[Dataset excerpts]
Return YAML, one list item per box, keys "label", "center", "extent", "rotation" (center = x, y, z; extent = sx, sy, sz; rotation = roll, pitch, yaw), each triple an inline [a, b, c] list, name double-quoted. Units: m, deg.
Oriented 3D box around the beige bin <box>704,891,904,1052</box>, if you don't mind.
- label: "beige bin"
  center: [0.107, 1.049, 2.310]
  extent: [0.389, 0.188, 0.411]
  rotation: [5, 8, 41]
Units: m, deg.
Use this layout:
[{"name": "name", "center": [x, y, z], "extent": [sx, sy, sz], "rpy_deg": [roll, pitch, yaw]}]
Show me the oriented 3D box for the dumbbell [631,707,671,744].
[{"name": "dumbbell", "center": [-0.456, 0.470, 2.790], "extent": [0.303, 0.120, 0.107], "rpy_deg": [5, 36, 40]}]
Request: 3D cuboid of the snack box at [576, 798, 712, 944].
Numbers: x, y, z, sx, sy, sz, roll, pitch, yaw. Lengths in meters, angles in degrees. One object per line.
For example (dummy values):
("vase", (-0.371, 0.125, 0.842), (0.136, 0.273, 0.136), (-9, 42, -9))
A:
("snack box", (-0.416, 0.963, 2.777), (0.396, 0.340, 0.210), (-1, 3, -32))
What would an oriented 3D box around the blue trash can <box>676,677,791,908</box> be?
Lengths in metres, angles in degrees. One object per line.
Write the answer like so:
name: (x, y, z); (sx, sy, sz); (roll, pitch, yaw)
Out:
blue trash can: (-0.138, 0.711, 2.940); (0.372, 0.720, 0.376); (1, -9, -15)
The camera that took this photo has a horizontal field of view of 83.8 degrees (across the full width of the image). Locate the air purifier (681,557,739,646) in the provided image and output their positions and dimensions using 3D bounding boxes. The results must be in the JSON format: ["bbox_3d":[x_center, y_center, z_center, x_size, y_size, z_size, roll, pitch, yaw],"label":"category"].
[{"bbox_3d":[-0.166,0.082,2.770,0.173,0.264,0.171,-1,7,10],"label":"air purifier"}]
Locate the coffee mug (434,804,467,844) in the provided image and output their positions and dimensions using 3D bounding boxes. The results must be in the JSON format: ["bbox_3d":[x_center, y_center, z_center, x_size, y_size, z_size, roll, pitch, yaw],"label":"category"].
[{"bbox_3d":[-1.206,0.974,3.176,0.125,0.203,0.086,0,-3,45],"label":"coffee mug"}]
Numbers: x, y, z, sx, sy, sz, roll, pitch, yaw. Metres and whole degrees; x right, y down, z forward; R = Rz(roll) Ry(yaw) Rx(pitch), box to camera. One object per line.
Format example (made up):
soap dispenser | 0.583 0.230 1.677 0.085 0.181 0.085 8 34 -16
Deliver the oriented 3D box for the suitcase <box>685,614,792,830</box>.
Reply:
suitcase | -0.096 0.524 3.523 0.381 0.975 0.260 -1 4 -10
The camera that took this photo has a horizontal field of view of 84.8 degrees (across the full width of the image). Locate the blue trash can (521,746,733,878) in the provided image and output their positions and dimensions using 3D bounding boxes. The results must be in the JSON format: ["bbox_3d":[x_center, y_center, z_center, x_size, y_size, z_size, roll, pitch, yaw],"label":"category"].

* [WHAT YOU SHOULD DO]: Find every line in the records that has the word "example". Copy those lines.

* [YOUR SOLUTION]:
For example (dummy values):
Format example (made up):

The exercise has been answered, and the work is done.